Breizh Info : L’opération d’expulsion semble se limiter au centre de la ZAD, pourtant Bellevue, qui est en dehors, se met volontairement sous le coup d’une expulsion en s’affirmant « lieu d’accueil » pour les expulsés. C’est pourtant un lieu qui s’inscrit dans un projet agricole et donc dans des négociations avec la Préfecture ?
Julien : On n’a plus la main sur Bellevue, ce n’est plus du tout ce que c’était en janvier 2013 lorsqu’on a sauvé la ferme de la destruction et qu’on y a réinstallé une activité agricole ; ça ne tient pas leur truc, ce n’est pas entretenu. En plus il y avait beaucoup de matériel qui avait été donné à l’époque, il y a des choses qui ont disparu. On avait acheté un tractopelle avec Copain 44, ils s’en sont servis pour creuser des tranchées qu’on n’a pas cautionné tandis qu’on payait l’assurance – on s’en s’est débarrassé à grand peine.
Breizh Info : C’est surtout une ferme qui travaille des produits au lait cru sans avoir la patente exigée normalement de tout autre agriculteur et sans avoir de contrôles d’hygiène, dans des locaux qui sont loin d’être ad hoc…
Julien : C’est injustifiable. Mais justement la régularisation était le moyen d’arriver à bout de tout ça.
Breizh Info : D’un côté, la régularisation des cabanes, surtout en zone humide, semblait difficile… ?
Julien : La destruction des cabanes est en soi une bonne chose, elles étaient très difficiles à régulariser. Mais là, si l’évacuation entraîne la suppression de tous les lieux avec un projet agricole, excusez-moi, mais c’est du fist de la part de l’Etat.
Breizh Info : Vous disiez que les zadistes étaient un peu responsables de la situation, et pas seulement parce que certains « irréductibles » ont refusé tout accord avec l’Etat ?
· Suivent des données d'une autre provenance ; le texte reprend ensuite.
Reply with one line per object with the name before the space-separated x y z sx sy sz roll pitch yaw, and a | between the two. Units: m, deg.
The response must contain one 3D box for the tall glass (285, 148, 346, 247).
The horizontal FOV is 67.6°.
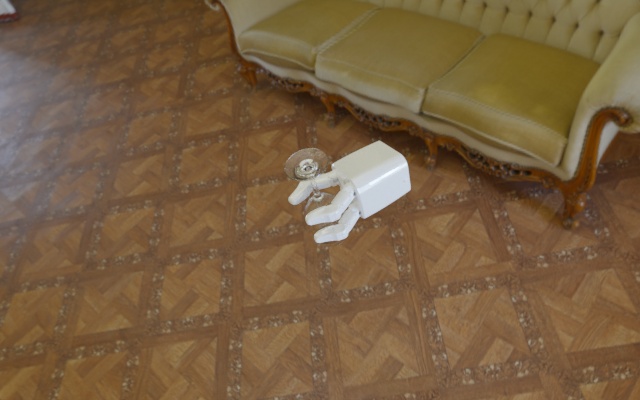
tall glass | 0.000 0.002 0.856 0.079 0.079 0.201 0 -39 17
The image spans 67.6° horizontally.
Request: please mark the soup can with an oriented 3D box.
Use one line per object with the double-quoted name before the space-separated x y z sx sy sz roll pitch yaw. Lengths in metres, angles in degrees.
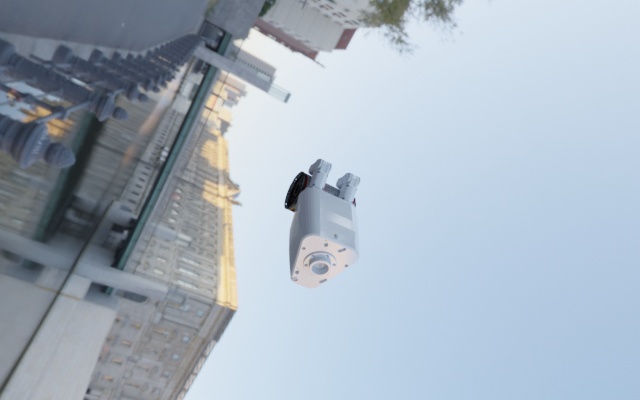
"soup can" 0.000 0.003 0.796 0.102 0.068 0.068 24 -9 -19

Julien : J’en veux aux zadistes car ils nous ont mené dans ce merdier, et je ne suis pas le seul à le penser. Il est temps pour eux de déposer des projets individuels comme les pouvoirs publics le leur ont demandé, et pas des conventions collectives hors délais.
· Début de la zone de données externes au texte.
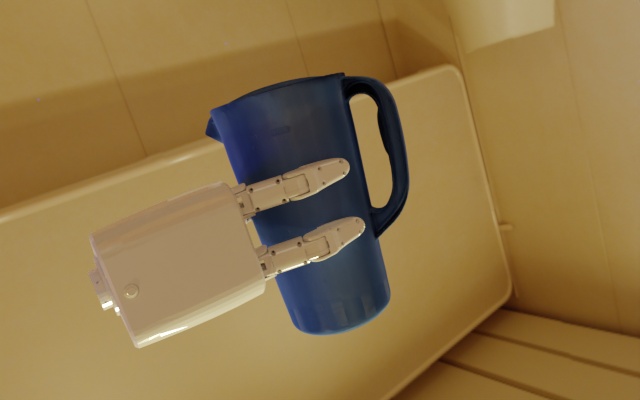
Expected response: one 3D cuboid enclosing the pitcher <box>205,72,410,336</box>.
[{"bbox_3d":[0.000,0.002,0.473,0.145,0.243,0.149,-23,13,-29],"label":"pitcher"}]

Breizh Info : Il est assez remarquable de constater le changement de climat par rapport à 2012. Et pas seulement parce que l’aéroport a été abandonné. La ZAD est devenue, peut-être au corps défendant de l’ACIPA, le soutien à de nombreuses causes sans rapport avec l’objet initial – la convergence des luttes d’extrême-gauche, comme la Wardine, structure stratégique pour une partie de l’ultra-gauche locale bien contente de profiter de l’abri qu’offre la ZAD, les migrants, le ravitaillement « des luttes » ou des squats, des abris pour marginaux ou drogués… nombre de riverains ou soutiens de la lutte en 2012-2013 nous disent en substance « nous nous sommes battus contre l’aéroport, mais pas du tout pour toutes ces causes, on ne peut plus soutenir la ZAD… ». Qu’en pensez-vous ?
Julien : Ce n’était pas du tout prévu. En 2012 on a eu beaucoup d’adhésions qui ont fait dériver l’objet et le centrage initiaux de l’association. Il y a des gens qui ne comprennent pas que l’ACIPA n’est pas une structure nationale et gauchisante, mais une association locale qui pense qu’une route c’est fait pour rouler [la RD 281]. Il y a des tensions internes fortes à l’intérieur de l’association sur ces sujets.
Breizh Info : Quel est votre avis sur l’avenir de l’ACIPA ?
Julien : C’est un fantôme sur pattes. On arrête car on a gagné et beaucoup de nous n’ont pas l’intention de passer leur vie à gérer l’avenir de la ZAD voire à défendre des gens indéfendables.